Ruvo East in Port Jefferson is closed because of last...

Ruvo East in Port Jefferson is closed because of last week's flooding.  Credit: Newsday/Corin Hirsch

The flash flooding that inundated parts of Port Jefferson village earlier this week shuttered at least two restaurants, one of them for the foreseeable future.

On Friday, both Ruvo East and neighboring Old Fields Restaurant on Wynn Lane were kinetic scenes of blowing fans, akimbo furniture and employees and contractors cleaning up after several inches to several feet of water poured into them on Tuesday night around 7:45 p.m. during a storm.

“It was hairy,” said David Tunney, co-owner of Old Fields, where a half-foot of water poured into the dining room. For a time, employees and patrons were held in the restaurant by officials because of dangerous conditions outside. Tunney said he told guests, “It’s a good thing you’re trapped in a bar,” and drinks were on the house for the next hour or so, until the all clear to leave.

Tunney said “20 people have been working for two days’ straight” to reopen the restaurant by Friday at 5 p.m.

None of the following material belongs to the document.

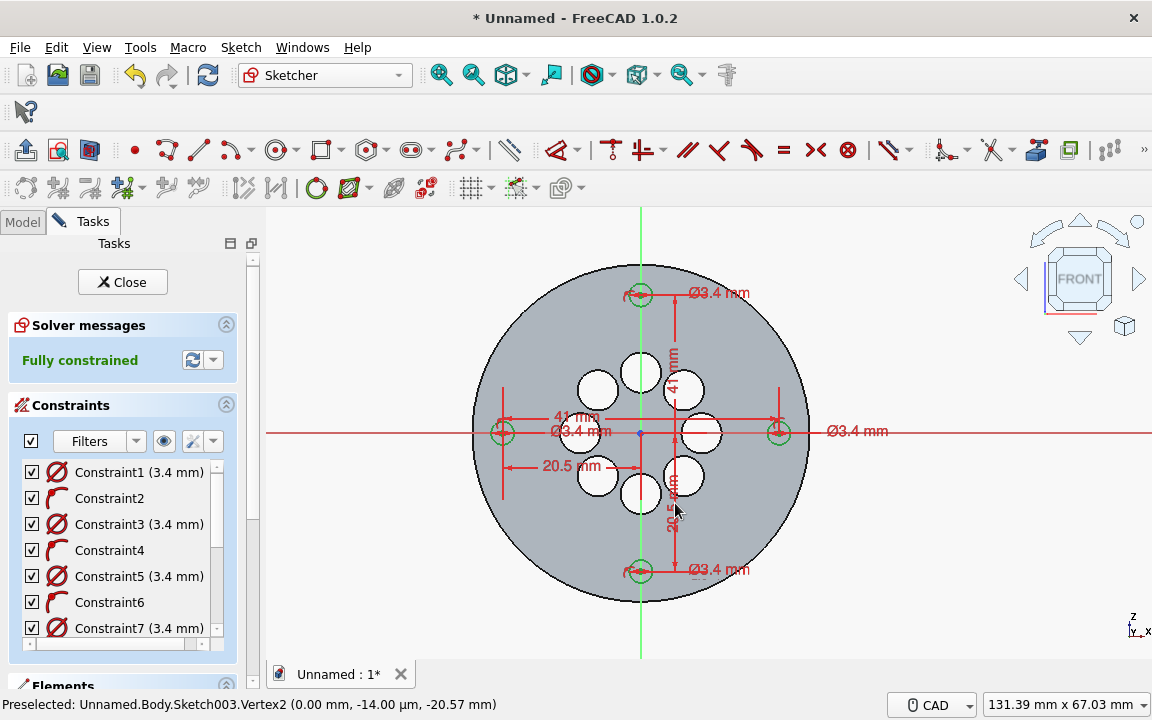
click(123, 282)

The flooding was worse at neighboring Ruvo East, which is on slightly lower ground and where waist-high water inundated the place “fast,” said Joseph DeNicola of DeNicola Brothers Concepts, the owner of Ruvo East. Patrons and employees had to be evacuated, and DeNicola said that refrigeration equipment was floating in the floodwater.

Last night, the restaurant sent out an email that they would be closed indefinitely — but DeNicola said many of the 60 employees have been working nonstop to reopen the restaurant, a challenging task given the scale of the flooding and how much needed to be gutted, from food to furniture.

However, on Friday morning, the restaurant appeared remarkably scoured for a place that had been underwater 60 hours beforehand. Ruvo has been operating on Wynn Lane for 12 years, and though DeNicola could not recall a flood there, the village has historically been known as Drowned Meadow -- and whoever originally laid the slate floors in the building was possibly wise to that fact. “This place was built for a flood,” DeNicola observed.

Several inches of rain fell in the span of an hour Tuesday evening, and the storm caused at least $500,000 in damages to the village’s businesses, Mayor Margot Garant told Newsday earlier this week.

For those wishing to show support, Ruvo has a sister location in Greenlawn, as does Old Fields; DeNicola Brothers Concepts also own a string of restaurants across Long Island, including La Tavola in Sayville and several Del Fuego Restaurants.